Moch. Abdi, Praktisi Pariwisata Sumatera Barat/ Dosen Fakultas Pariwisata Universitas Muhammadiyah Sumatera Barat.(Foto: Dok. PRI)
Moch. Abdi, Praktisi Pariwisata Sumatera Barat/ Dosen Fakultas Pariwisata Universitas Muhammadiyah Sumatera Barat.(Foto: Dok. PRI)
Oleh : Moch. Abdi, Praktisi Pariwisata Sumatera Barat/ Dosen Fakultas Pariwisata Universitas Muhammadiyah Sumatera Barat.

PADEK.JAWAPOS.COM-Sumatera Barat, provinsi yang terletak di pesisir barat Pulau Sumatera telah beberapa kali dilanda bencana alam, termasuk gempa bumi, banjir, dan longsor. Bencana alam ini tidak hanya menimbukan korban jiwa, namun juga menyebabkan kerugian material, yang sangat berdampak pada kehidupan masyarakat.

Di pengujung tahun 2025 bencana alam ini kembali terjadi. Kondisi ini, di antaranya disebabkan cuaca ekstrem yang melanda pada akhir November 2025.

Curah hujan yang tinggi dan terus-menerus memicu banjir bandang, longsor, dan luapan sungai di beberapa daerah. Kondisi ini beriringan dengan Siklon Tropis Senyar, yaitu terbentuknya Bibit Siklon Tropis 95B di Selat Malaka, yang memperburuk kondisi cuaca.

Kerusakan lingkungan dan deforestasi di wilayah hulu sungai juga dianggap sebagai faktor yang memperparah dampak bencana.  Kerusakan ekosistem hutan di hulu Daerah Aliran Sungai (DAS) telah menghilangkan daya dukung dan daya tampung untuk meredam curah hujan tinggi.

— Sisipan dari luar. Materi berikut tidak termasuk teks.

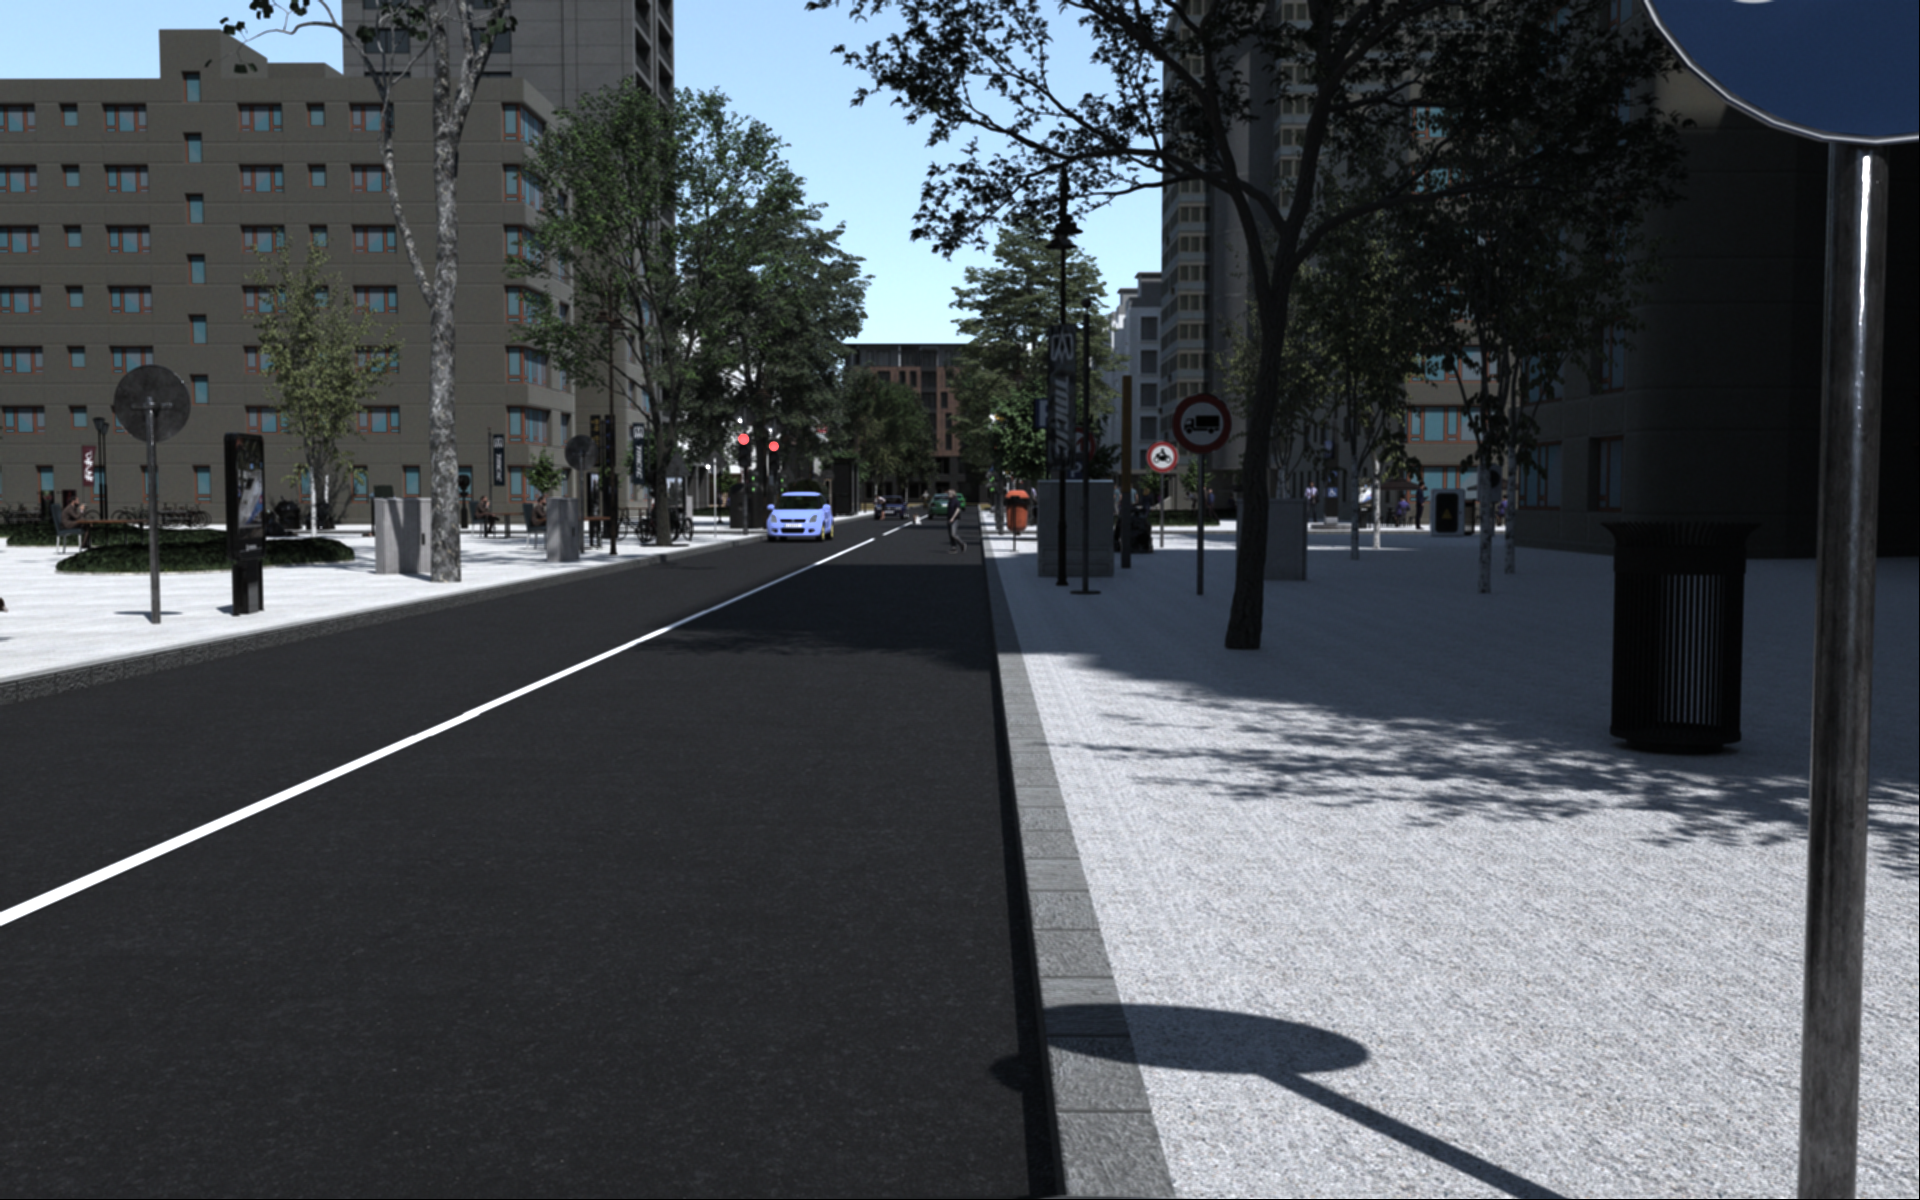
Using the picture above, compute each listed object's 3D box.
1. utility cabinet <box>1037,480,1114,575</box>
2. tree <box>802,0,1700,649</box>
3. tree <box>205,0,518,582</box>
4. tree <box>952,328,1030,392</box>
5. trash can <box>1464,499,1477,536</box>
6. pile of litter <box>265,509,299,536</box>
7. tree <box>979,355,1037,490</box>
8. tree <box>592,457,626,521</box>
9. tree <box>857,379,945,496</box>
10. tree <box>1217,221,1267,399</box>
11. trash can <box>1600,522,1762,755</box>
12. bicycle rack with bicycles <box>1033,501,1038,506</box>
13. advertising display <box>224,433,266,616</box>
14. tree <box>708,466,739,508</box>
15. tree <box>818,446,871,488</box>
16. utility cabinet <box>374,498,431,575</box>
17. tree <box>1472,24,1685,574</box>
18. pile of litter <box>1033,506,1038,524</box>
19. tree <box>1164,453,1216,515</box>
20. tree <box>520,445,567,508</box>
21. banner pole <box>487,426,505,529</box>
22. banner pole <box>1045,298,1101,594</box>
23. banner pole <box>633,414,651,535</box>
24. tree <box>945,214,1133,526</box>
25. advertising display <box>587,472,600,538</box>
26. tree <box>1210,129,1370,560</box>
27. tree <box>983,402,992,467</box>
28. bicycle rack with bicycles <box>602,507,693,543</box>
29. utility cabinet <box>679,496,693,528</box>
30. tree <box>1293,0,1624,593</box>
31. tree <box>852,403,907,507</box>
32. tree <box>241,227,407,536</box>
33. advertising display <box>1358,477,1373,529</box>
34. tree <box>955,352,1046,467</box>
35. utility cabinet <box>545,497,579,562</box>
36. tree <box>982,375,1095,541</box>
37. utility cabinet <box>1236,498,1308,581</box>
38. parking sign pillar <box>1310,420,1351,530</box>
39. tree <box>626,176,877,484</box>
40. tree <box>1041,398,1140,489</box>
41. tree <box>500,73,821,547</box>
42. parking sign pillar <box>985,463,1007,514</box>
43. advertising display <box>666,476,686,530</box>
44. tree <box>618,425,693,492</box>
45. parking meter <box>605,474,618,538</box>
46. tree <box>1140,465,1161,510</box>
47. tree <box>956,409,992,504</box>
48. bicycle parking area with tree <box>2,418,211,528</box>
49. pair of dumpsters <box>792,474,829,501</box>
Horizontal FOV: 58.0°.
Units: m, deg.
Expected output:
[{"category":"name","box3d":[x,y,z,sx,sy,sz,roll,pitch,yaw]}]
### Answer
[{"category":"utility cabinet","box3d":[1.802,-1.120,26.989,1.173,1.500,0.318,0,4,-1]},{"category":"tree","box3d":[2.526,-4.855,13.794,8.767,10.594,7.601,-2,4,-33]},{"category":"tree","box3d":[-6.716,-10.402,25.964,12.611,20.169,13.585,0,3,0]},{"category":"tree","box3d":[5.076,-20.816,196.230,12.611,20.169,13.585,0,3,0]},{"category":"trash can","box3d":[15.673,-2.577,53.790,0.748,1.137,0.748,0,3,0]},{"category":"pile of litter","box3d":[-20.951,-2.372,52.754,1.719,0.858,1.176,2,4,32]},{"category":"tree","box3d":[3.012,-8.490,89.168,4.360,8.622,3.978,0,3,0]},{"category":"tree","box3d":[-16.843,-5.402,82.925,1.663,3.219,1.824,0,3,0]},{"category":"tree","box3d":[-6.076,-15.590,171.911,9.611,12.733,9.660,0,3,0]},{"category":"tree","box3d":[8.795,-5.870,46.329,4.360,8.622,3.978,0,3,0]},{"category":"trash can","box3d":[3.605,0.180,8.706,0.748,1.137,0.748,0,3,0]},{"category":"bicycle rack with bicycles","box3d":[4.163,-7.204,131.168,2.852,0.926,2.925,1,4,17]},{"category":"advertising display","box3d":[-7.666,-0.819,18.606,0.123,1.923,0.974,0,4,-6]},{"category":"tree","box3d":[-13.994,-6.698,104.108,1.663,3.219,1.824,0,3,0]},{"category":"tree","box3d":[-7.442,-7.787,111.035,4.285,4.588,4.351,0,3,0]},{"category":"utility cabinet","box3d":[-8.927,-1.031,28.015,0.306,1.237,1.020,3,5,42]},{"category":"tree","box3d":[9.116,-4.729,27.689,4.737,8.622,4.395,0,3,0]},{"category":"pile of litter","box3d":[3.107,-3.661,73.829,1.176,0.858,1.719,-1,4,-9]},{"category":"tree","box3d":[11.083,-5.377,82.510,1.663,3.219,1.824,0,3,0]},{"category":"tree","box3d":[-16.308,-4.511,68.360,1.663,3.219,1.824,0,3,0]},{"category":"banner pole","box3d":[-17.165,-4.525,64.006,0.863,3.779,0.401,1,4,21]},{"category":"banner pole","box3d":[1.444,-1.982,22.417,0.863,3.779,0.401,3,5,41]},{"category":"banner pole","box3d":[-9.831,-3.898,53.743,0.401,3.779,0.863,3,5,39]},{"category":"tree","box3d":[3.146,-9.245,69.286,7.486,12.596,7.792,0,3,0]},{"category":"advertising display","box3d":[-10.860,-2.820,51.317,0.123,1.923,0.974,0,4,3]},{"category":"tree","box3d":[7.888,-5.082,33.449,4.737,8.622,4.395,0,3,0]},{"category":"tree","box3d":[2.845,-10.311,118.943,4.737,8.622,4.395,0,3,0]},{"category":"bicycle rack with bicycles","box3d":[-8.393,-2.066,47.167,2.852,0.926,2.925,3,4,39]},{"category":"utility cabinet","box3d":[-10.433,-3.314,65.337,0.306,1.237,1.020,-3,4,-36]},{"category":"tree","box3d":[6.561,-4.392,22.175,4.360,8.622,3.978,0,3,0]},{"category":"tree","box3d":[-6.298,-11.252,134.337,4.737,8.622,4.395,0,3,0]},{"category":"tree","box3d":[-17.939,-5.990,48.298,4.737,8.622,4.395,0,3,0]},{"category":"advertising display","box3d":[14.966,-3.613,64.286,0.974,1.923,0.123,-3,5,-41]},{"category":"tree","box3d":[3.623,-12.299,126.842,9.928,11.665,9.643,0,3,0]},{"category":"utility cabinet","box3d":[-7.624,-1.353,33.280,0.306,1.237,1.020,0,4,8]},{"category":"tree","box3d":[2.135,-3.925,47.887,4.285,4.588,4.351,0,3,0]},{"category":"utility cabinet","box3d":[4.667,-0.903,25.926,1.020,1.237,0.306,1,4,20]},{"category":"parking sign pillar","box3d":[13.455,-4.542,62.739,1.447,3.967,1.447,1,4,8]},{"category":"tree","box3d":[-8.074,-9.940,69.168,9.857,13.997,8.962,0,3,0]},{"category":"tree","box3d":[2.367,-2.480,35.157,1.663,3.219,1.824,0,3,0]},{"category":"tree","box3d":[-7.225,-7.126,42.267,9.928,11.665,9.643,0,3,0]},{"category":"parking sign pillar","box3d":[2.717,-7.714,114.594,1.447,3.967,1.447,1,4,16]},{"category":"advertising display","box3d":[-10.282,-3.494,62.340,0.974,1.923,0.123,2,4,33]},{"category":"tree","box3d":[-13.974,-5.830,79.027,4.285,4.588,4.351,0,3,0]},{"category":"parking meter","box3d":[-10.145,-2.725,50.260,0.399,1.863,0.255,-2,4,-28]},{"category":"tree","box3d":[10.756,-6.212,96.175,1.663,3.219,1.824,0,3,0]},{"category":"tree","box3d":[3.860,-18.773,213.588,9.857,13.997,8.962,0,3,0]},{"category":"bicycle parking area with tree","box3d":[-33.552,-4.920,67.449,9.016,4.147,8.231,-1,4,-11]},{"category":"pair of dumpsters","box3d":[-7.293,-5.000,84.239,1.574,2.255,4.437,0,4,1]}]

Menyikapi kondisi pascabencana, berbagai pihak turun tangan, memberikan perhatian dan bantuan untuk masyarakat terdampak bencana. Kendaraan berseliweran hingga memacetkan jalan di daerah bencana. Mereka datang membawa berbagai macam bentuk bantuan.

Para relawan berdatangan dari berbagai penjuru negeri, bergerak bersama saling membantu.

Saat itu kesedihan dan kepedihan masyarakat terdampak bencana, sedikit terobati dengan dengan berbagai bentuk empati dan keramaian di daerah mereka.

Namun kondisi seperti itu tidak berjalan lama. Perlahan satu persatu relawan sudah mulai meninggalkan kampung mereka, karena jadwal kegiatan dan program masing-masing telah usai.

Ada juga yang hingga saat ini masih bertahan di lokasi bencana, tapi sudah mulai tidak seramai sebelumnya.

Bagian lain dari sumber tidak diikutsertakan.